### Problem description
Each of the entries beneath this task should be written out exactly.

### Entries provided
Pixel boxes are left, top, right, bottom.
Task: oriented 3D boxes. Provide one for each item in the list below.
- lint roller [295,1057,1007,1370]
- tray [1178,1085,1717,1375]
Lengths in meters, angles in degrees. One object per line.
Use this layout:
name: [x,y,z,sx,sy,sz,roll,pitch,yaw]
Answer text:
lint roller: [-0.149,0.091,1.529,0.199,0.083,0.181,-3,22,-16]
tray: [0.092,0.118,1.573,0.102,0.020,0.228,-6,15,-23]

### Written answer
Pixel boxes are left, top, right, bottom.
Task: oriented 3D boxes. Provide one for each item in the list below.
- lint roller [295,1057,1007,1370]
- tray [1178,1085,1717,1375]
Lengths in meters, angles in degrees. One object per line.
Use this layout:
name: [x,y,z,sx,sy,sz,roll,pitch,yaw]
Answer text:
lint roller: [-0.149,0.091,1.529,0.199,0.083,0.181,-3,22,-16]
tray: [0.092,0.118,1.573,0.102,0.020,0.228,-6,15,-23]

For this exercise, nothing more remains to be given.